Regarding AAM, they released the first 77 symphonies (i.e. nos. 1 to 75, "105" and "106" - these last two are in fact early works). These are issued in 10 volumes of 3 CDs each, a project in the 1990's. They also recorded 4 other late symphonies earlier on in the 1980's; these were symphonies no.94, 96, 100 and 104, on 2 separate CDs. I have all these recordings. Fantastic. Unfortunately though, most/many of these are now deleted, but you might be able to find some of them on the internet. I think they have recently reissued symphonies no.94 and 96 on the _L'Oiseau-Lyre _label (which has a website).

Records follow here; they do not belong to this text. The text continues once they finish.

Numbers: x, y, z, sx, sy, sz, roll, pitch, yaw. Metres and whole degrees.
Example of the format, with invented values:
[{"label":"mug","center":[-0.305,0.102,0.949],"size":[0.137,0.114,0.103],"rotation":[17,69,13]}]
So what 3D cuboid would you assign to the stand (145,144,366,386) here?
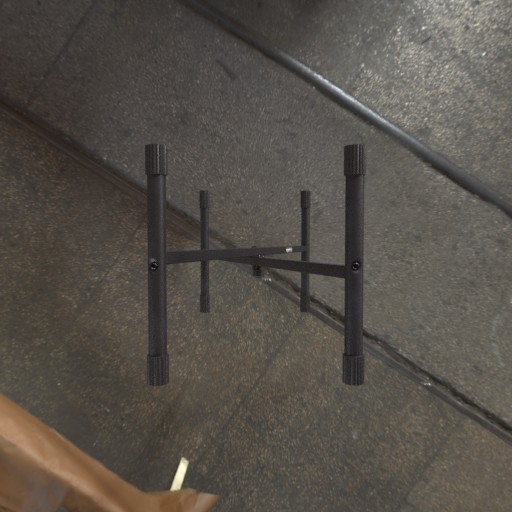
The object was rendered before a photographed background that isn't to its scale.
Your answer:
[{"label":"stand","center":[0.000,0.000,1.189],"size":[0.409,0.940,0.449],"rotation":[0,92,0]}]
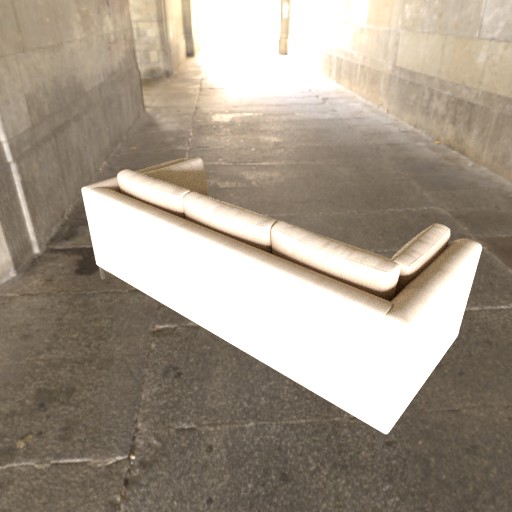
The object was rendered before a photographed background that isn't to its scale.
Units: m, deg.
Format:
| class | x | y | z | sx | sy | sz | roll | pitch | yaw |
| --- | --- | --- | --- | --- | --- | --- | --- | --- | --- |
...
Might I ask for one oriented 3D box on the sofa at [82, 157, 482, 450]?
| class | x | y | z | sx | sy | sz | roll | pitch | yaw |
| --- | --- | --- | --- | --- | --- | --- | --- | --- | --- |
| sofa | 0.000 | 0.000 | 2.899 | 2.415 | 0.867 | 0.969 | 23 | 36 | 35 |
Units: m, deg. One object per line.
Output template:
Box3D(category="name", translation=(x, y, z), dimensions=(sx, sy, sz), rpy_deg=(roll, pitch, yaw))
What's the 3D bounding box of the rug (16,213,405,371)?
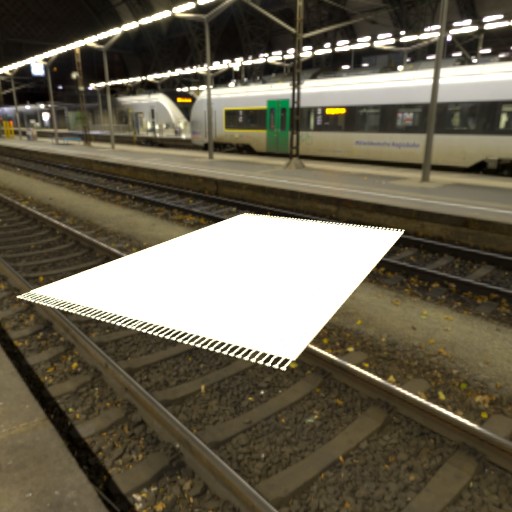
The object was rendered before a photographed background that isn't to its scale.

Regarding the HB, they have recorded nearly most (but not all) of Haydn's symphonies, I think. I have some.

And then there are many other historically informed recordings done by many other ensembles, usually playing the late symphonies, say nos. 80 to 104.

If you want one single CD to introduce you to Haydn's late symphonies, I suggest try say, symphony no. 100 "Military", and 104 "London".


----------



## Elgarian (Jul 30, 2008)

Interesting thread. I've been asking similar questions about Mozart in recent months, and making some marvellous discoveries which I need to report somewhere - I'll set up a Mozart thread parallel to this one during the next day or two, and we'll see if we can't pick up some useful guides to HIP recordings of both Haydn and Mozart. (Glad to hear you're enjoying Immerseel's 'Beethoven on a motorbike' set.)


----------



## nefigah (Aug 23, 2008)

Thank you for the comments! 

I realized as I was reading your post, Natalie, that I came off sounding like I wanted a complete collection of HIP Haydn's symphonies, when actually that's not really the case--that'd be too expensive for me at the moment in any case  So really any representative sample would serve to whet my appetite for now.


----------



## Guest (Jan 6, 2010)

The Virgin Veritas label has the Orchestra of the Age of Enlightenment performing Haydn's Paris symphonies - on iTunes it is a steal - $7.99 for 6 symphonies. The album received very good reviews. I have the OAE also performing Bach's Brandenburg Concertos, and while it is not my favorite performance, it is still very good, and ridiculously inexpensive. That might be a good start.


----------



## nefigah (Aug 23, 2008)

Thanks for the recommendation, DrMike.

I thought I'd mention on this thread that I picked up this wonderful collection of Haydn's keyboard works for next-to-nothing via Amazon MP3. *It is delightful!*


----------



## Guest (Jan 9, 2010)

I saw that in the Mozart HIP.

I am still fairly new to Haydn, and while I am enjoying the symphonies, I am not so in love with him yet.


----------



## Elgarian (Jul 30, 2008)

nefigah said:


> Thanks for the recommendation, DrMike.
> 
> I thought I'd mention on this thread that I picked up this wonderful collection of Haydn's keyboard works for next-to-nothing via Amazon MP3. *It is delightful!*


This is all very encouraging! Still waiting for my superduper cheap CD set from Amazon uk to arrive in the post.


----------